La necessità di chiarezza

Ulteriore problema sull’ampiezza della deroga si pone per le altre norme contenute in articoli diversi dello stesso decreto semplificazioni. Stando al tenore letterale della disposizione in commento – che secondo le regole dell’ermeneutica dovrebbe comunque costituire il primo e principale riferimento dell’interprete – sembrerebbe doversi concludere che neppure le norme contenute nel medesimo D.L. 76/2020, disciplinanti a vario titolo l’affidamento e/o l’esecuzione dei contratti pubblici, trovino applicazione nei casi previsti dall’art. 2 comma 4 citato.

Se, da un lato, potrebbe apparire incoerente dal punto di vista sistematico ritenere che, proprio per quegli appalti evidentemente ritenuti maggiormente strategici al fine di traghettare il Paese al di fuori della crisi economica che è conseguita a quella sanitaria, non trovino applicazione le disposizioni adottate nel decreto in quanto (nella mente degli estensori) “semplificatorie” e “acceleratorie” degli appalti pubblici, dall’altro è a questa conclusione che sembra condurre la lettura testuale dell’art. 2 comma 4.

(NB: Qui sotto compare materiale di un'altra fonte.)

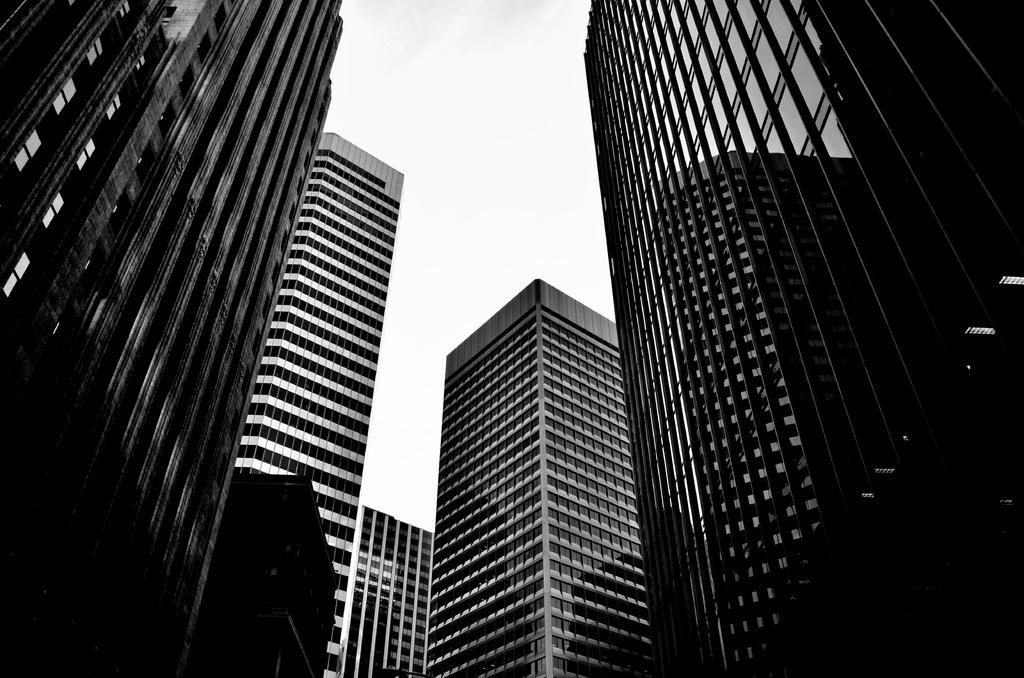What type of structures can be seen in the image? There are buildings in the image. What part of the natural environment is visible in the image? The sky is visible in the image. What type of fruit is being used to fix the buildings in the image? There is no fruit, such as a cherry, present in the image, and therefore it cannot be used to fix the buildings. 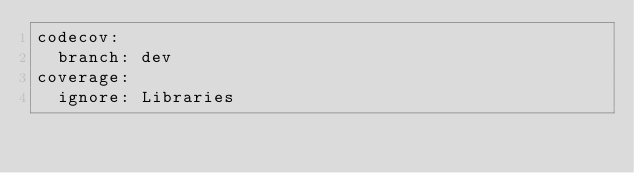Convert code to text. <code><loc_0><loc_0><loc_500><loc_500><_YAML_>codecov:
  branch: dev
coverage:
  ignore: Libraries
</code> 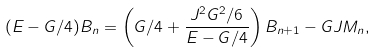<formula> <loc_0><loc_0><loc_500><loc_500>( E - G / 4 ) B _ { n } = \left ( G / 4 + \frac { J ^ { 2 } G ^ { 2 } / 6 } { E - G / 4 } \right ) B _ { n + 1 } - G J M _ { n } ,</formula> 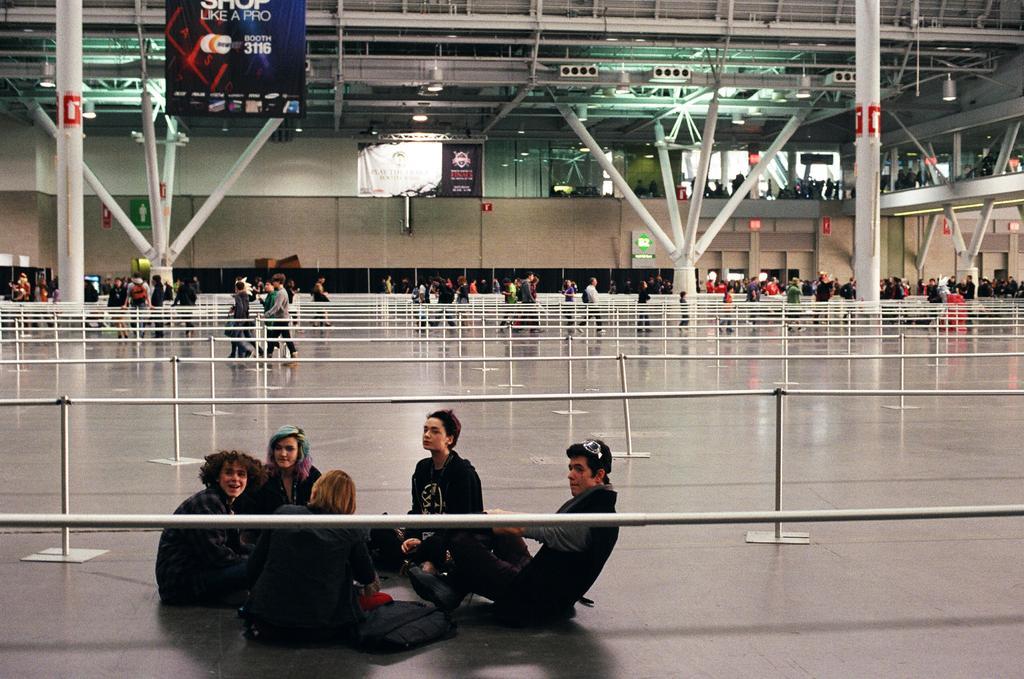How would you summarize this image in a sentence or two? At the bottom of the image we can see people are sitting on the floor. In the background, we can see railings, people, pillars, banners and wall. At the top of the image, we can see the roof. 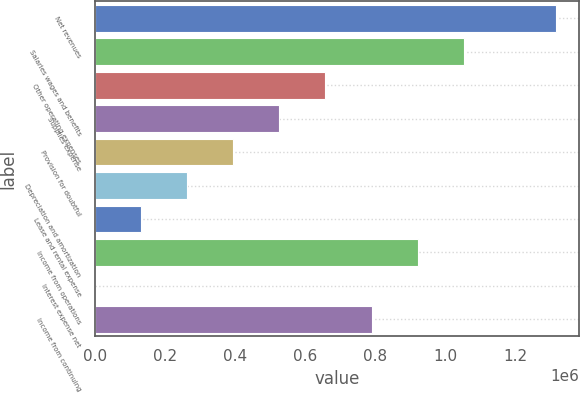<chart> <loc_0><loc_0><loc_500><loc_500><bar_chart><fcel>Net revenues<fcel>Salaries wages and benefits<fcel>Other operating expenses<fcel>Supplies expense<fcel>Provision for doubtful<fcel>Depreciation and amortization<fcel>Lease and rental expense<fcel>Income from operations<fcel>Interest expense net<fcel>Income from continuing<nl><fcel>1.31503e+06<fcel>1.05206e+06<fcel>657619<fcel>526137<fcel>394655<fcel>263173<fcel>131691<fcel>920583<fcel>209<fcel>789101<nl></chart>

Ciò premesso, tuttavia, non è scontato, anche ove si abbracci l’ipotesi dell’interpretazione letterale, se le disposizioni del Decreto semplificazioni che, ad esempio, dettano norme relative alla costituzione del Collegio tecnico siano da considerare disposizioni in senso stretto pertinenti alla “esecuzione” dei lavori e, quindi, come tali derogate, oppure piuttosto debbano ritenersi disposizioni di carattere organizzativo o latu sensu di prevenzione del contenzioso e, quindi, non derogabili.

Altre disposizioni sui contratti pubblici

Oltre le disposizioni sopra richiamate, ve ne sono molte altre che meriterebbero una trattazione ampia che, per ragioni di spazio, non può essere fatta in questa sede. Il decreto prevede l’applicazione in via transitoria, fino al 31 luglio 2021, di disposizioni semplificatorie in materia di verifiche antimafia, tra cui il rilascio di una liberatoria provvisoria che consente di stipulare subito il contratto, salvo verifiche ulteriori. Viene stabilito il termine di 60 giorni per la stipula del contratto, il cui mancato rispetto può determinare come visto l’insorgere della responsabilità erariale.

La sospensione delle opere viene limitata a gravi motivi e vengono dettate disposizioni che consentano il rapido proseguimento dell’appalto anche nel caso di crisi o insolvenza dell’appaltatore, si prevede l’istituzione del Collegio consultivo tecnico per tutti i lavori sopra soglia e si dettano. Ma si devono ricordare anche le disposizioni sulle centrali di committenza, la modifica dell’art. 183 in materia di project financing a iniziativa privata, l’aggiornamento delle norme sulla nomina e i poteri dei Commissari straordinari.